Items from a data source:
******

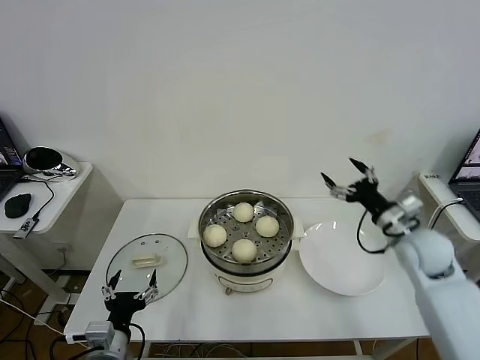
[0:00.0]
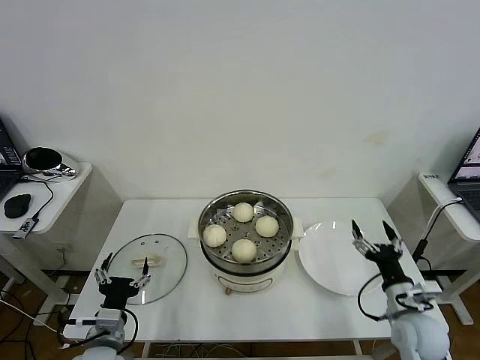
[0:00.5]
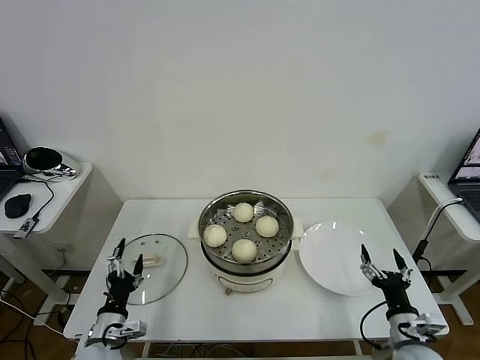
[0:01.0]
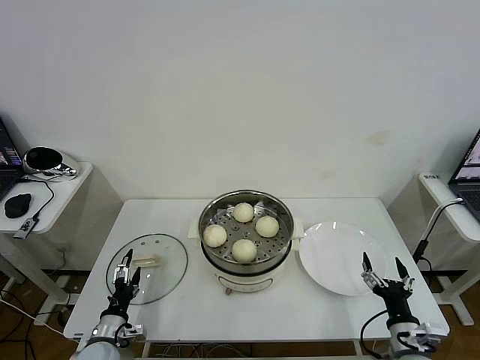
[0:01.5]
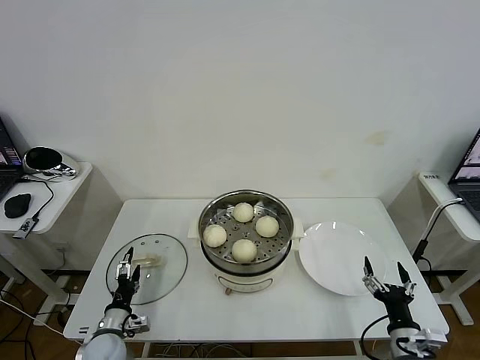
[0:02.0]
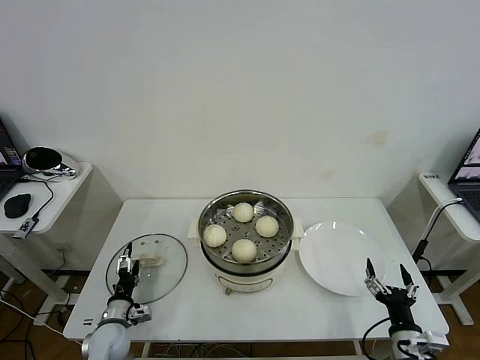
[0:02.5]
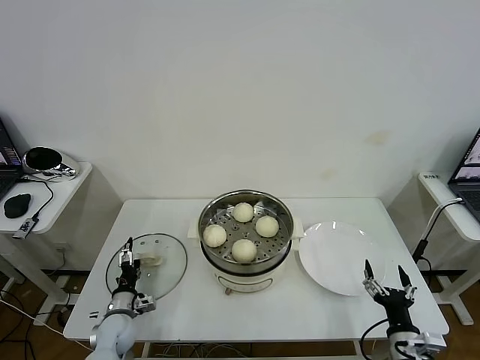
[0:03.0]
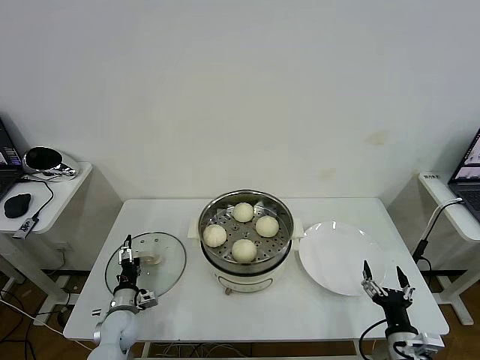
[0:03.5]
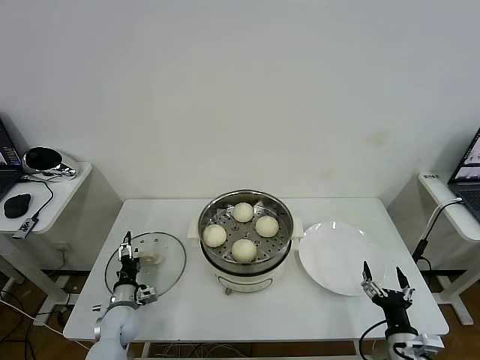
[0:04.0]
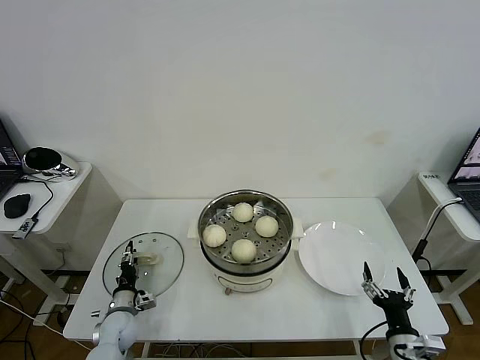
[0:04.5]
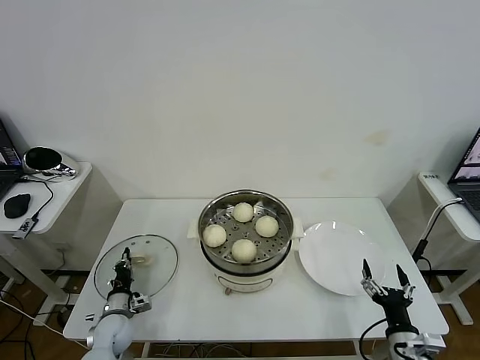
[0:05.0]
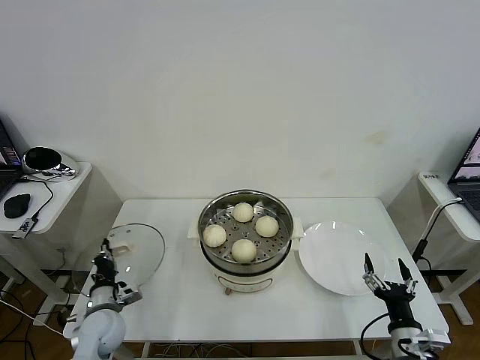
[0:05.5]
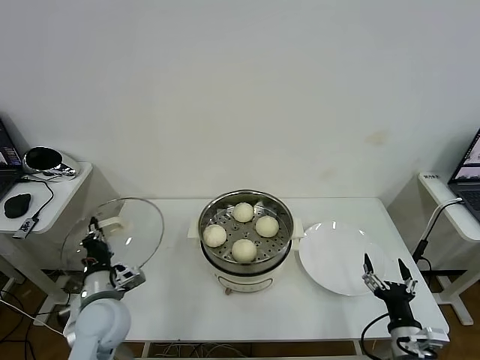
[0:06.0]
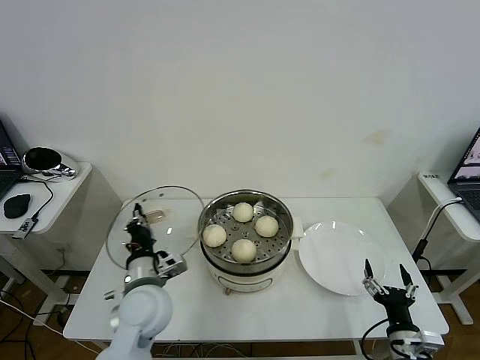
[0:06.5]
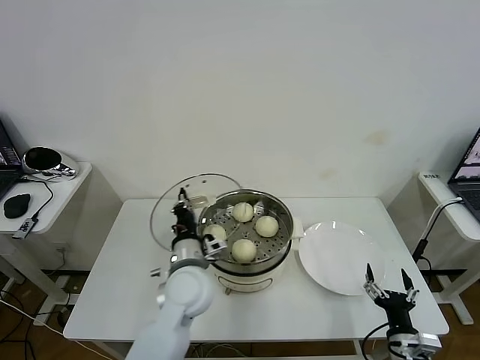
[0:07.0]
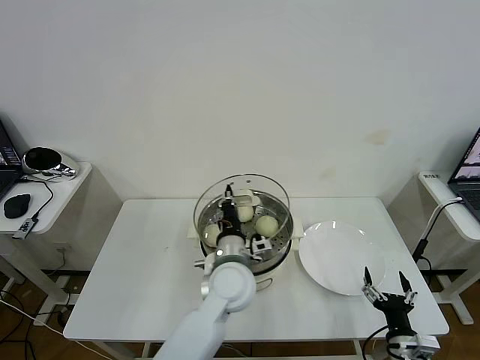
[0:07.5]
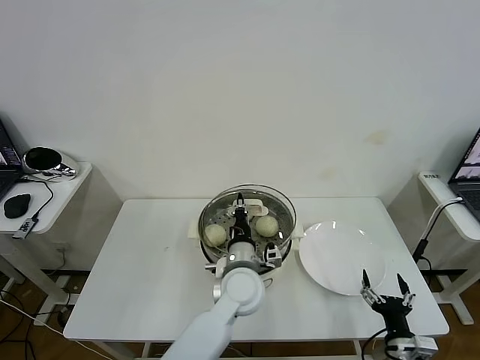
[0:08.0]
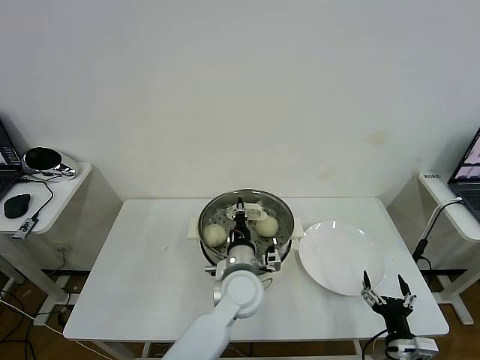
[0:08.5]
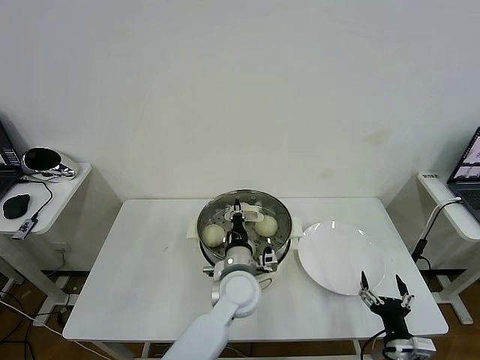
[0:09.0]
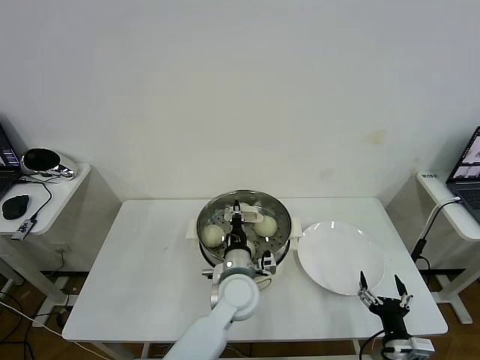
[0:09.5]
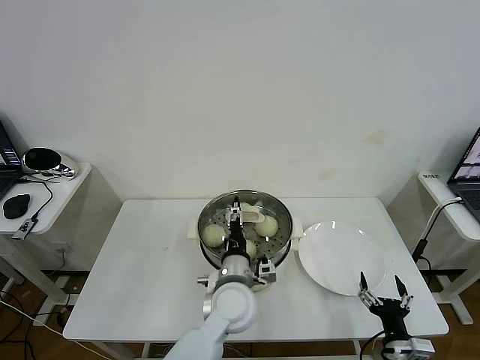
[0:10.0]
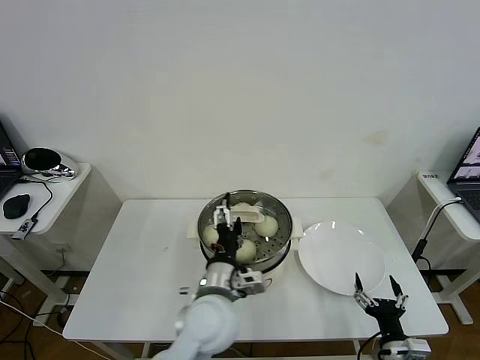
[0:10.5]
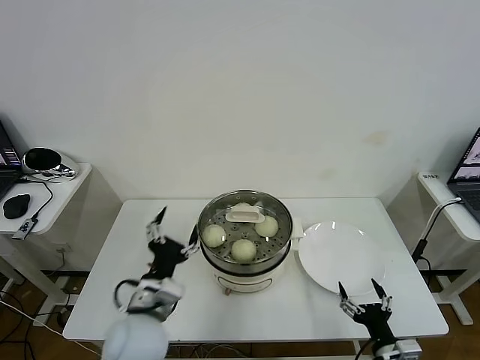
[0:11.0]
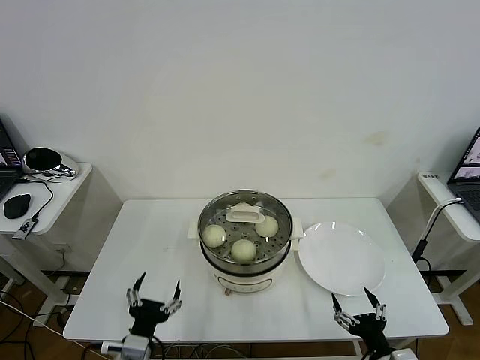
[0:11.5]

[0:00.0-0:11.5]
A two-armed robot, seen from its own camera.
Task of the whole recording: take steamed baozi put them in steamer then cover it.
Step, 0:00.0 to 0:05.0: Grasp the pot lid with left gripper.
Step, 0:05.5 to 0:09.5: Place the pot lid on the steamer with left gripper.
0:00.0 to 0:02.0: The right gripper is displaced backward and downward by some 25 cm. Meanwhile the left gripper is displaced downward, forward and to the left by some 15 cm.
0:02.0 to 0:04.0: The left gripper travels forward by roughly 10 cm.
0:04.0 to 0:06.0: The left gripper shifts some 20 cm upward, and closes.
0:06.0 to 0:07.5: The left gripper heads to the right, covering approximately 25 cm.
0:07.5 to 0:09.5: The left gripper heads downward, covering some 5 cm.
0:09.5 to 0:11.5: The left gripper is displaced to the left and backward by some 30 cm, and opens its fingers.

******

**PROBLEM:** Exactly reproduce each entry, but drop the pictures.

**SOLVED EXERCISE:**
[0:00.0]
[0:00.5]
[0:01.0]
[0:01.5]
[0:02.0]
[0:02.5]
[0:03.0]
[0:03.5]
[0:04.0]
[0:04.5]
[0:05.0]
[0:05.5]
[0:06.0]
[0:06.5]
[0:07.0]
[0:07.5]
[0:08.0]
[0:08.5]
[0:09.0]
[0:09.5]
[0:10.0]
[0:10.5]
[0:11.0]
[0:11.5]

[0:00.0-0:11.5]
A two-armed robot, seen from its own camera.
Task of the whole recording: take steamed baozi put them in steamer then cover it.
Step, 0:00.0 to 0:05.0: Grasp the pot lid with left gripper.
Step, 0:05.5 to 0:09.5: Place the pot lid on the steamer with left gripper.
0:00.0 to 0:02.0: The right gripper is displaced backward and downward by some 25 cm. Meanwhile the left gripper is displaced downward, forward and to the left by some 15 cm.
0:02.0 to 0:04.0: The left gripper travels forward by roughly 10 cm.
0:04.0 to 0:06.0: The left gripper shifts some 20 cm upward, and closes.
0:06.0 to 0:07.5: The left gripper heads to the right, covering approximately 25 cm.
0:07.5 to 0:09.5: The left gripper heads downward, covering some 5 cm.
0:09.5 to 0:11.5: The left gripper is displaced to the left and backward by some 30 cm, and opens its fingers.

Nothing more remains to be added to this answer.